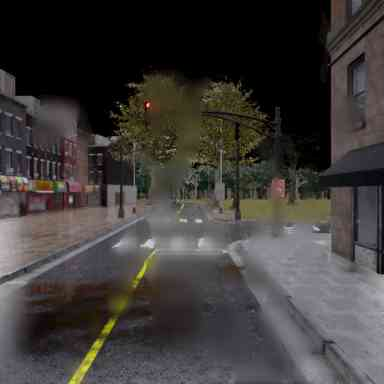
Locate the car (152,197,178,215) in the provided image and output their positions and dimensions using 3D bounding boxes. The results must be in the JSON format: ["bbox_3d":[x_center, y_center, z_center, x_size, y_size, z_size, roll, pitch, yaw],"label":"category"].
[{"bbox_3d":[-2.919,1.529,34.090,2.128,1.511,4.902,0,0,0],"label":"car"}]

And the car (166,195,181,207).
[{"bbox_3d":[-2.979,1.446,54.229,2.097,1.767,4.553,0,0,0],"label":"car"}]

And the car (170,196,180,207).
[{"bbox_3d":[-2.943,1.614,43.998,2.033,1.411,5.357,0,0,0],"label":"car"}]
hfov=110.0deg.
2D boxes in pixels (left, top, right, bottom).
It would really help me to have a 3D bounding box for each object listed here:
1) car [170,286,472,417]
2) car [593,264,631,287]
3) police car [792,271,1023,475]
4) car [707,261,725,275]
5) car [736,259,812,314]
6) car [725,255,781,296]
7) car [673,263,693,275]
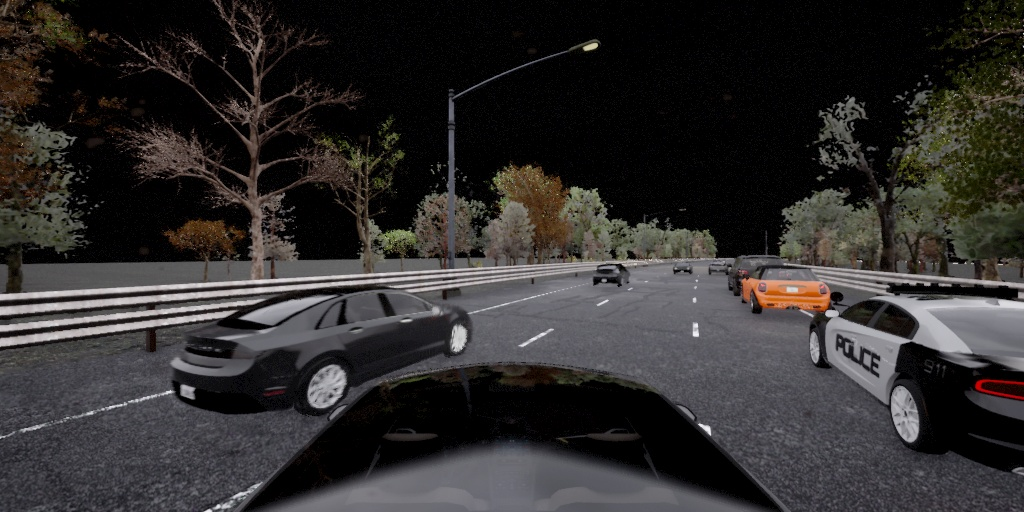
[{"bbox_3d":[-2.515,1.256,6.138,1.837,1.490,4.892,0,0,26],"label":"car"},{"bbox_3d":[6.980,1.273,24.909,1.837,1.490,4.892,0,0,28],"label":"car"},{"bbox_3d":[5.624,1.177,4.723,1.930,1.638,5.238,0,0,26],"label":"police car"},{"bbox_3d":[22.587,1.285,39.279,2.128,1.511,4.902,0,0,30],"label":"car"},{"bbox_3d":[9.980,1.110,13.429,2.097,1.767,4.553,0,0,27],"label":"car"},{"bbox_3d":[12.712,0.989,18.754,2.150,2.045,5.566,0,0,27],"label":"car"},{"bbox_3d":[19.468,1.393,40.737,1.895,1.301,4.718,0,0,29],"label":"car"}]
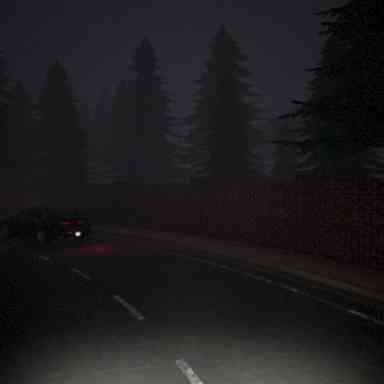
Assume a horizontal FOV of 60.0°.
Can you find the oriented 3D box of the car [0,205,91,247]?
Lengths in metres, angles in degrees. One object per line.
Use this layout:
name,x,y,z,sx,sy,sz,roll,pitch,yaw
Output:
car,-6.380,1.346,14.280,4.892,1.490,1.837,0,0,36
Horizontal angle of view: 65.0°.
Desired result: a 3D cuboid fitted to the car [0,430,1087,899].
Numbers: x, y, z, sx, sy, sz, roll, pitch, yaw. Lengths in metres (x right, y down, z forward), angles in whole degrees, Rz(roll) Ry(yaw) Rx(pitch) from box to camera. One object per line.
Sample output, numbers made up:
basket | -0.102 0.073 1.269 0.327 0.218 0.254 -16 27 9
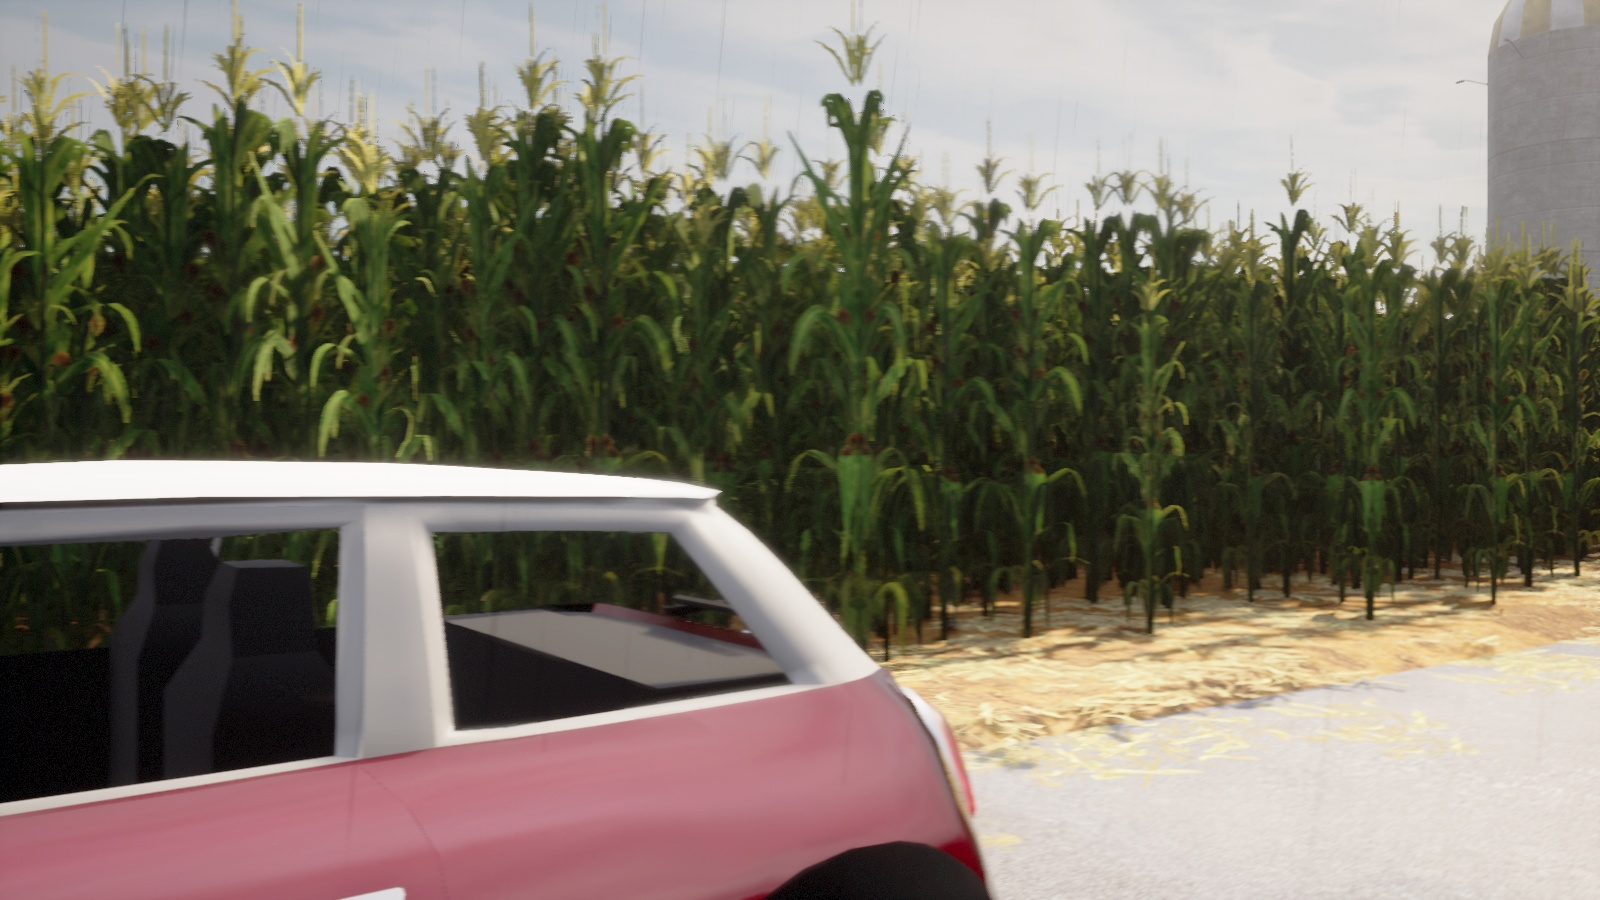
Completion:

**Work to be completed:**
Please give only the count of lines above containing "object".

**Result of this exercise:**
3